Balanced Random Sample With Replacement
Source:R/1-sampling-functions.R
balancedSampleWithReplacement.Rd
Takes a balanced sample with replacement from the population. See the Details section below for further information.
Arguments
- strata
vector of stratification variables. The population size is
length(strata)
- n
positive integer value, the sample size
- prob
(optional) vector of positive numeric values, the probability weights for obtaining the
strata
elements.
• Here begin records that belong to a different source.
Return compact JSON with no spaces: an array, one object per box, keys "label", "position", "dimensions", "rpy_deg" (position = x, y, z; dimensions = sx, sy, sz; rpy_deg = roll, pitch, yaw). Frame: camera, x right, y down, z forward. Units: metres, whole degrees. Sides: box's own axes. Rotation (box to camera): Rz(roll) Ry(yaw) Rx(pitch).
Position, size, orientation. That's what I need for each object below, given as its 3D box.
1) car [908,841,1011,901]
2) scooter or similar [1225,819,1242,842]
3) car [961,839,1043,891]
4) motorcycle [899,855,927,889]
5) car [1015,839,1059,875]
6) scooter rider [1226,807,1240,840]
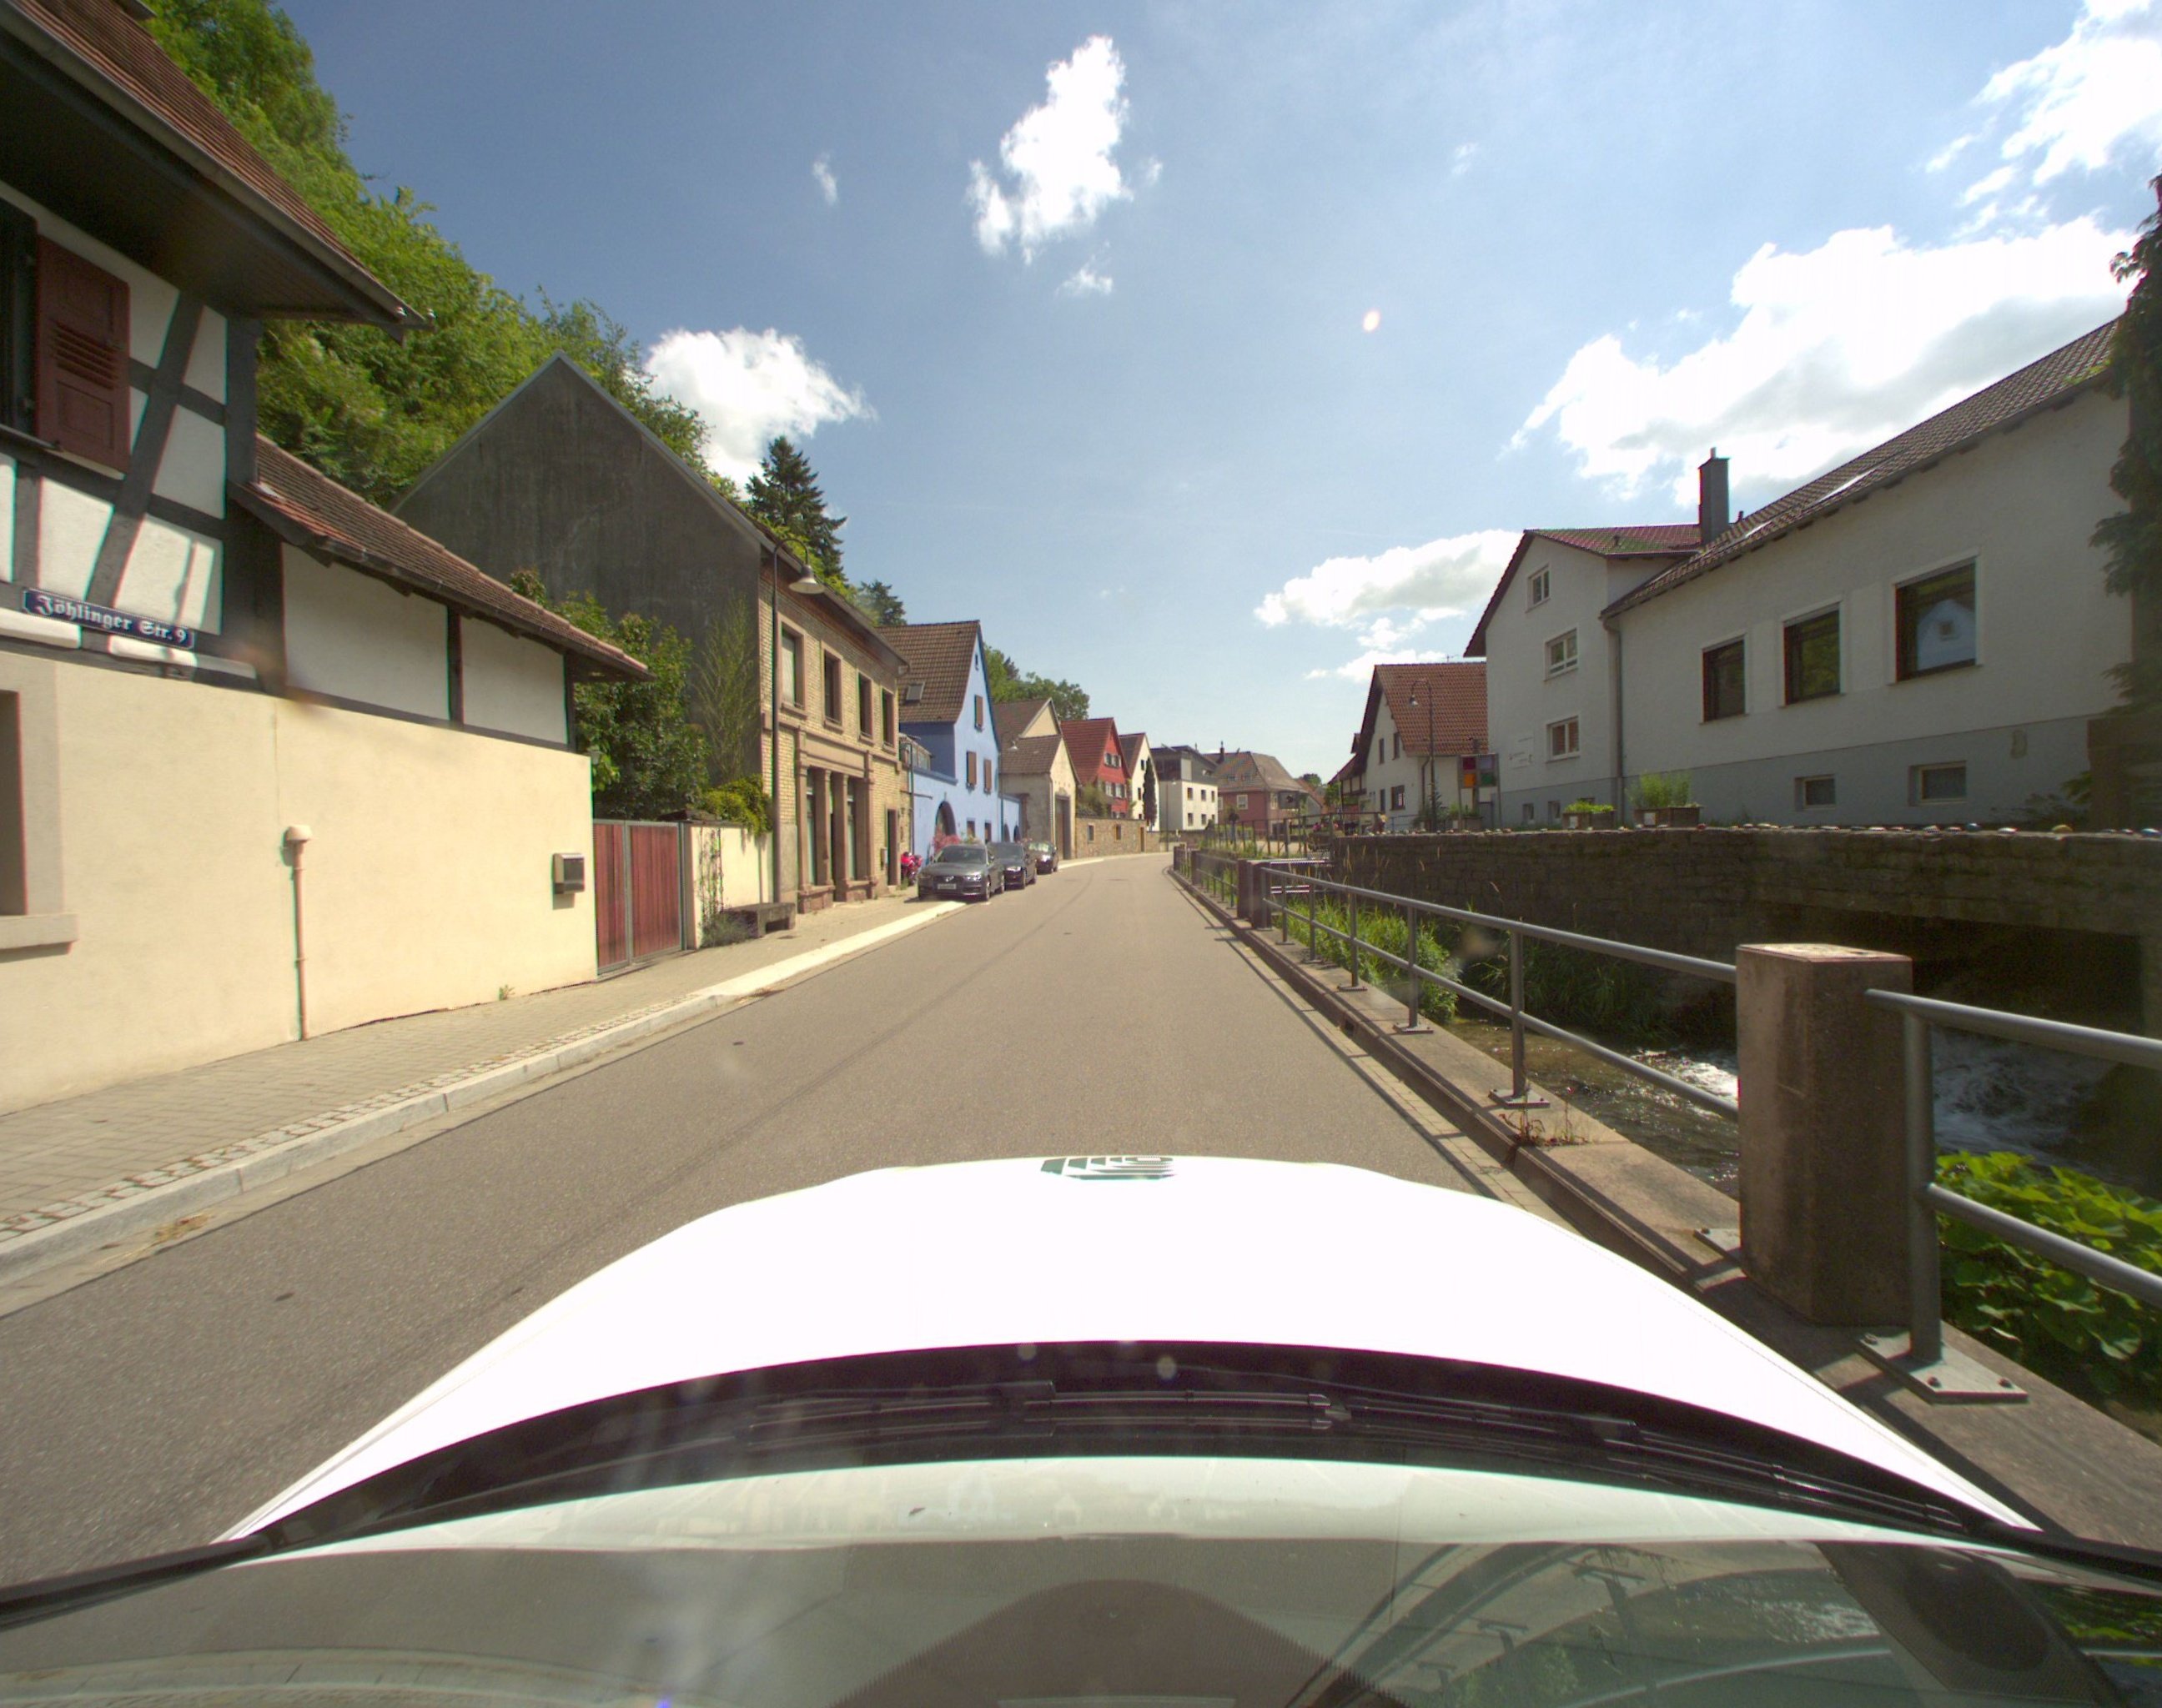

If provided, it must be the same length asstrata
Details
This function works when the number of elements per stratum (given by the
sample size n
divided by the number of groups in strata
) is
less/greater than the number of elements in the minority group in
strata
, by taking independent samples with replacement from each group.
References
He and Garcia, Learning from Imbalanced Data, IEEE Transactions on Knowledge and Data Engineering (2009)
Examples
#Set seed for reproducibility
set.seed(seed = 5381L)
#Define strata
strata = c(rep("a", 3),rep("b", 6))
#Check ratio
table(strata)/length(strata)
#> strata
#> a b
#> 0.3333333 0.6666667
#Balanced random sample with replacement
i = balancedSampleWithReplacement(
strata = strata,
n = 8
)
#Check indices
i
#> [1] 1 3 4 2 1 6 7 7
#Check ratio in the sample
table(strata[i])/length(strata[i])
#>
#> a b
#> 0.5 0.5